I didn’t believe it. A month in the country, a month of the kind of quiet life I had been leading made me doubt that there was trouble anywhere- and if there was trouble, it wouldn’t be here, not here in these quiet valleys. And why should anyone make trouble? This was not a political meeting or demonstration, but a concert to be held in the picnic grounds on a summer evening. Trouble didn’t start that way. I said as much.
“Then you’re wrong, Brother Fast,” they told me. “You’re wrong as hell.”
“I don’t think I’m wrong.”
“Then listen to this.” And the Negro read to me:
“It appears that Peekskill is to be treated to another concur visit by Paul Robeson, renowned Negro baritone. Time was when the honor would have been ours- all ours. As things stand today, like most folks who put America first, we’re a little doubtful of that honor…”
More of the same. “Now this,” he said, “now listen to this”:
“The time for tolerant silence that signifies approval is running out.” He added, “That’s from the Peekskill Evening Star of last Tuesday.
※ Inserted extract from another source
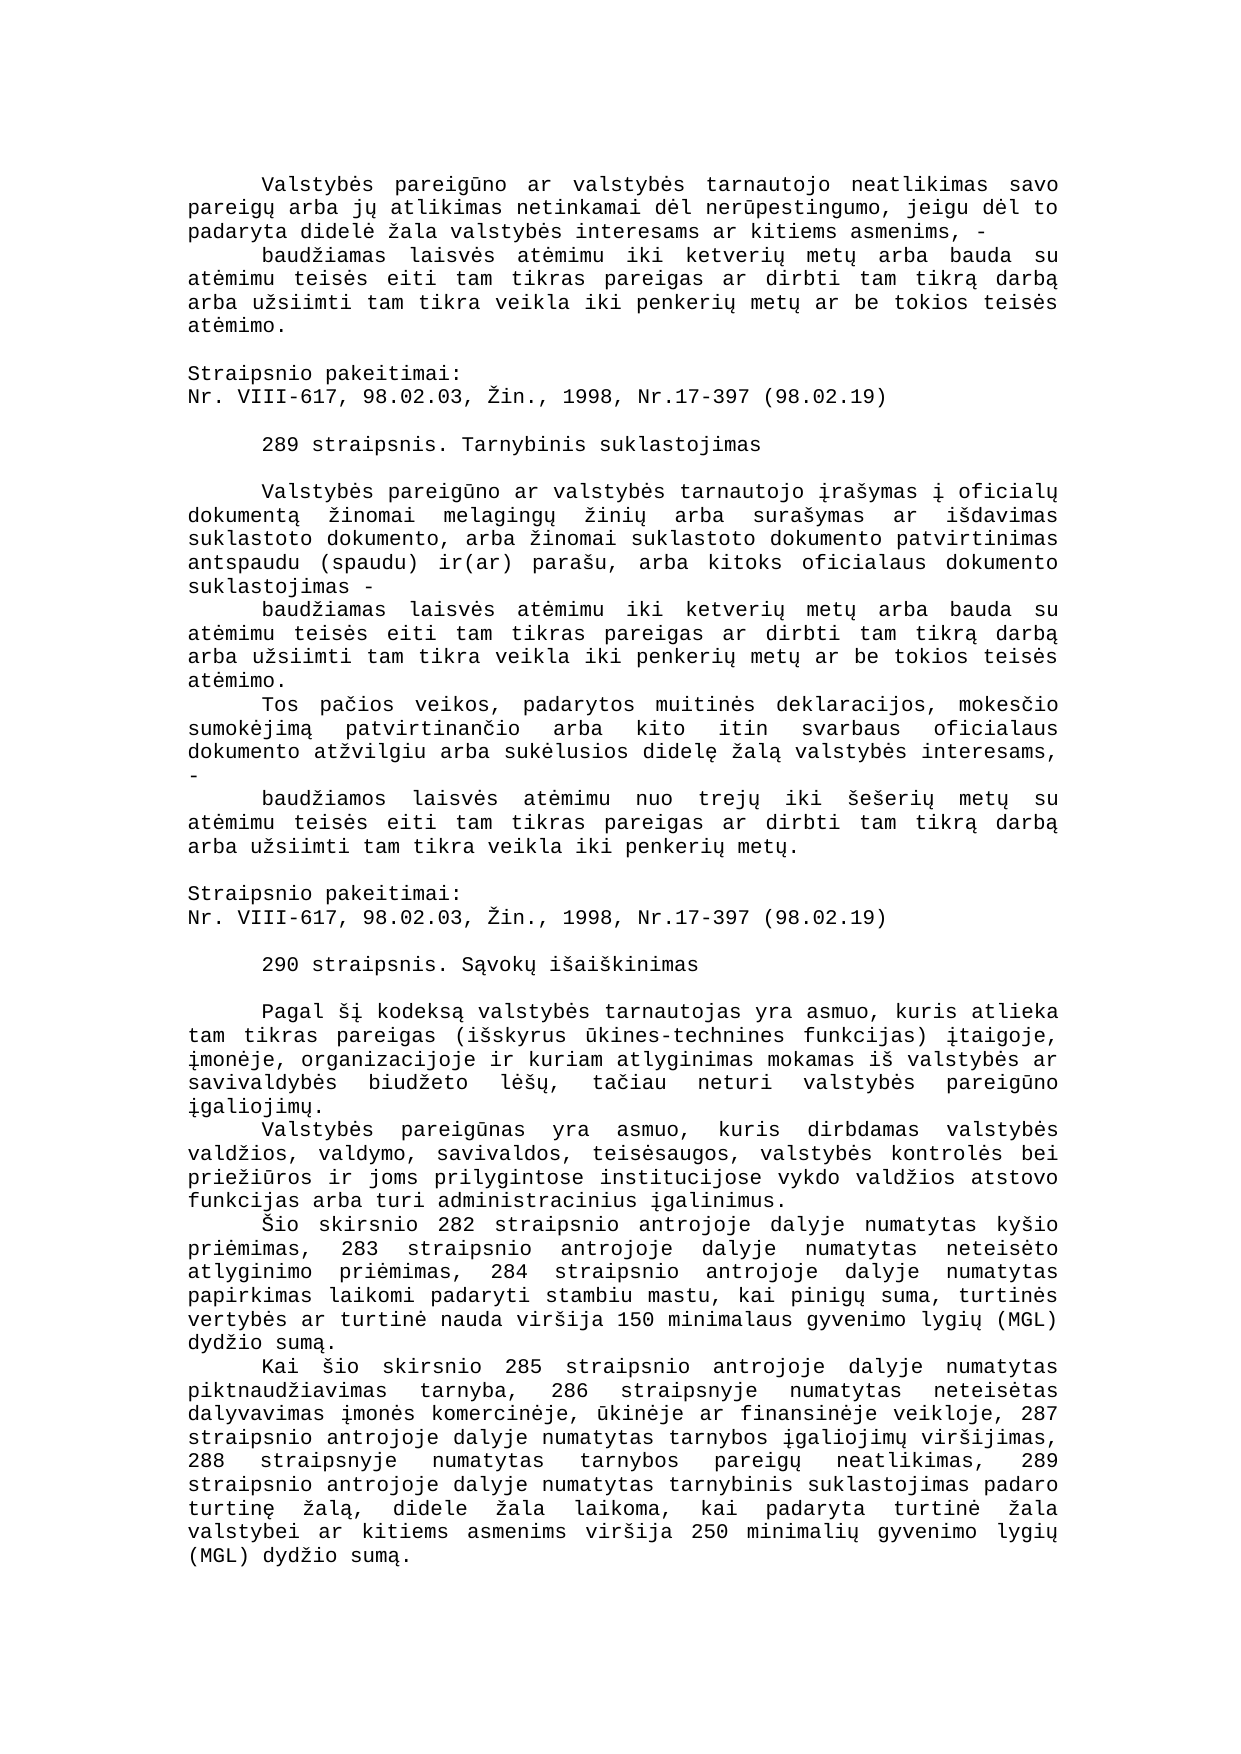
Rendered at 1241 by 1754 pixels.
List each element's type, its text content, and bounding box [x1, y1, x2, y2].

Since then, they’ve worked themselves into a lather over this thing. The American Legion is going to march, and the local boys have been liquoring themselves up since this morning. On the other hand, some of the local residents have sent a telegram of protest to the DA, Fannelli, asking him to have plenty of cops and state troopers on hand, just in case. Maybe he will and maybe he won’t. The point is, you’ve got to keep your eyes open.”

Food for thought: The Peekskill Incident never prevented Paul Robeson from performing on stage. The concert was rescheduled for a later date and was a complete success. Does this event exemplify Paul Robeson’s statement, “Get them to sing your song and they will want to know who you are”? If so, how?